ACM--过沼泽--模拟--HDOJ 5477--A Sweet Journey

Posted 2020-07-16 学霸的一天

HDOJ题目地址：传送门

A Sweet Journey

Time Limit: 2000/1000 MS (Java/Others)    Memory Limit: 65536/65536 K (Java/Others)

Total Submission(s): 759    Accepted Submission(s): 397

Problem Description

Master Di plans to take his girlfriend for a travel by bike. Their journey, which can be seen as a line segment of length L, is a road of swamps and flats.
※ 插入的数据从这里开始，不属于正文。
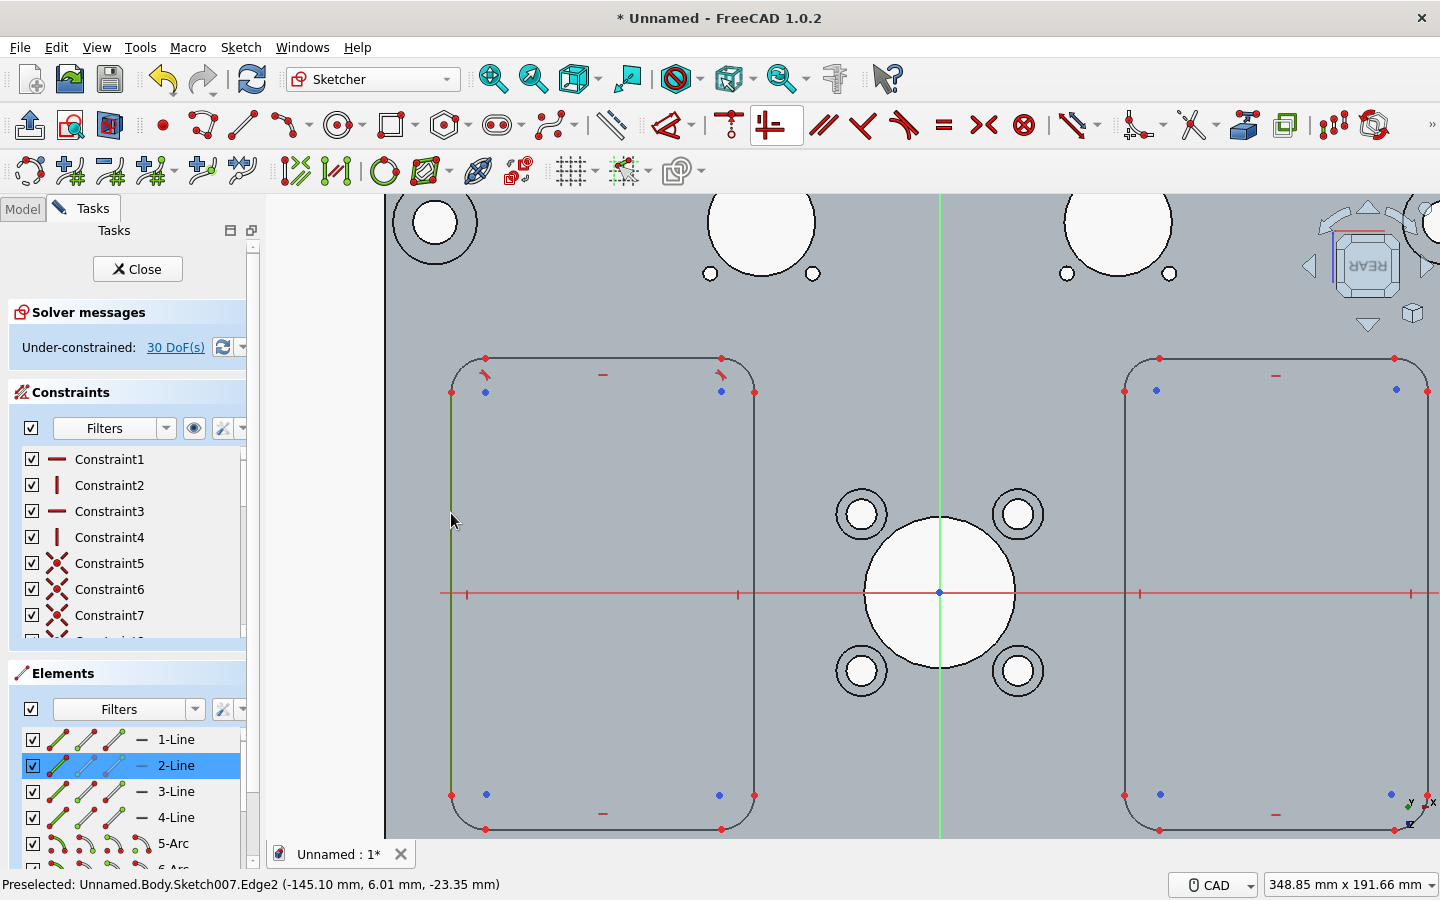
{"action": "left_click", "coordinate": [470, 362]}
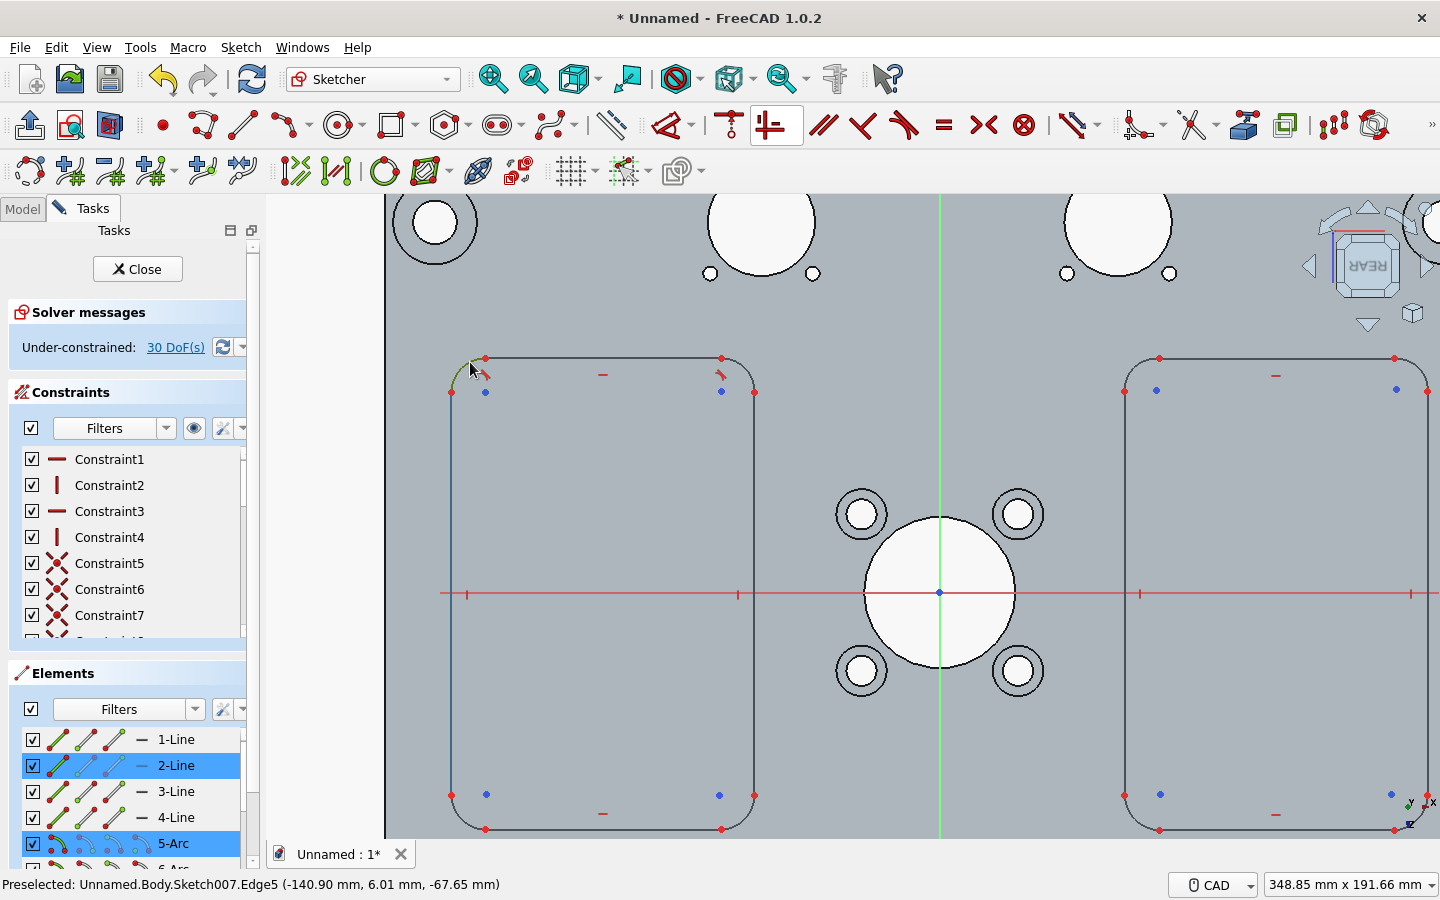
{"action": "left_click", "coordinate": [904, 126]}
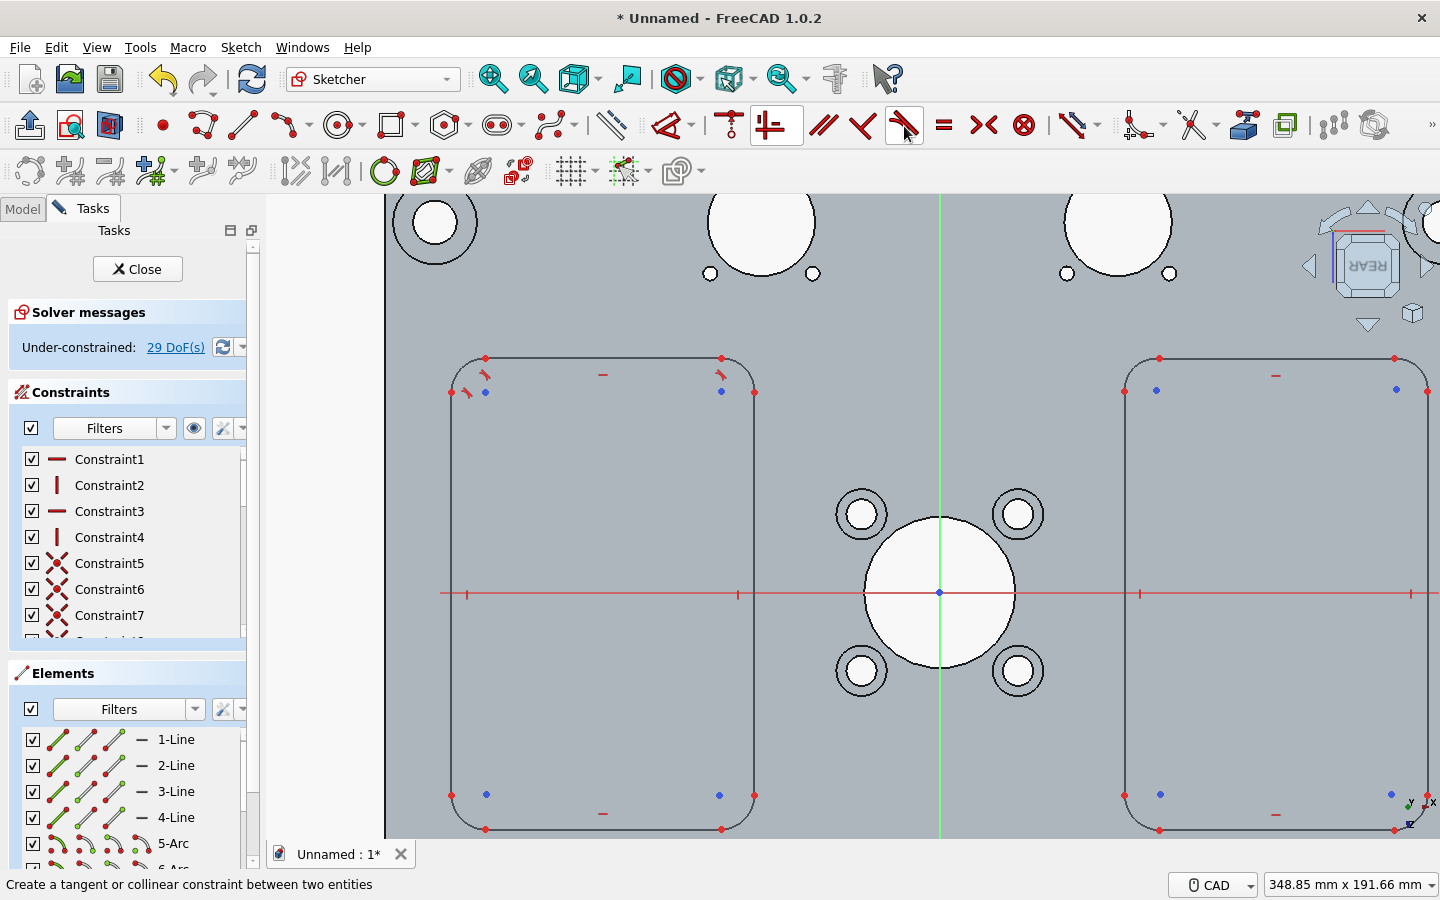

In the swamp, it takes A point strengths per meter for Master Di to ride; In the flats, Master Di will regain B point strengths per meter when riding. Master Di wonders：In the beginning, he needs to prepare how much minimum strengths. (Except riding all the time,Master Di has no other choice) 

 

Input

In the first line there is an integer t (1≤t≤50), indicating the number of test cases.
For each test case:
The first line contains four integers, n, A, B, L.
Next n lines, each line contains two integers: Li,Ri, which represents the interval [Li,Ri] is swamp.
1≤n≤100,1≤L≤105,1≤A≤10,1≤B≤10，1≤Li<Ri≤L.
Make sure intervals are not overlapped which means Ri<Li+1 for each i (1≤i<n).
Others are all flats except the swamps.

 

Output

For each text case:
Please output “Case #k: answer”(without quotes) one line, where k means the case number counting from 1, and the answer is his minimum strengths in the beginning.

 

Sample Input

1
2 2 2 5
1 2
3 4

 

Sample Output

Case #1: 0

题意：一个人去旅行，路上有沼泽和平路，当走平路是增加a点体力，当走沼泽时消耗b点体力，求最开始最少要携带多少点体力

#include<iostream>
#include<stdio.h>
#include<memory.h>
#include<algorithm>
using namespace std;
struct Node{
   int begin;
   int end;
   int chazhi;
}zhaoze[101];
bool cmp(Node a,Node b){
   if(a.begin<b.begin)
	   return true;
   return false;
}
int main(){
  int n,m,i,a,b,l,kaishi,jieshu,result,temp,index=1;
  cin>>n;
  while(n--){
      cin>>m>>a>>b>>l;
	  for(i=0;i<m;i++){
	     cin>>zhaoze[i].begin>>zhaoze[i].end;
		 zhaoze[i].chazhi=zhaoze[i].end-zhaoze[i].begin;
	  }
	  sort(zhaoze,zhaoze+m,cmp);
	  result=0;
	  temp=0;
	  kaishi=0;
	  jieshu=0;
	  for(i=0;i<m;i++){
	     temp=temp+(zhaoze[i].begin-jieshu)*b-zhaoze[i].chazhi*a;
		 jieshu=zhaoze[i].end;
		 if(result>temp){
		   result=temp;
		 }
	  }
	  temp+=(l-jieshu)*b;
	  if(result>temp){
		   result=temp;
	  }
	  if(result<0){
	       printf("Case #%d: %d\n",index,-result);
	  }else{
	      printf("Case #%d: 0\n",index);
	  }
	  index++;
  }
}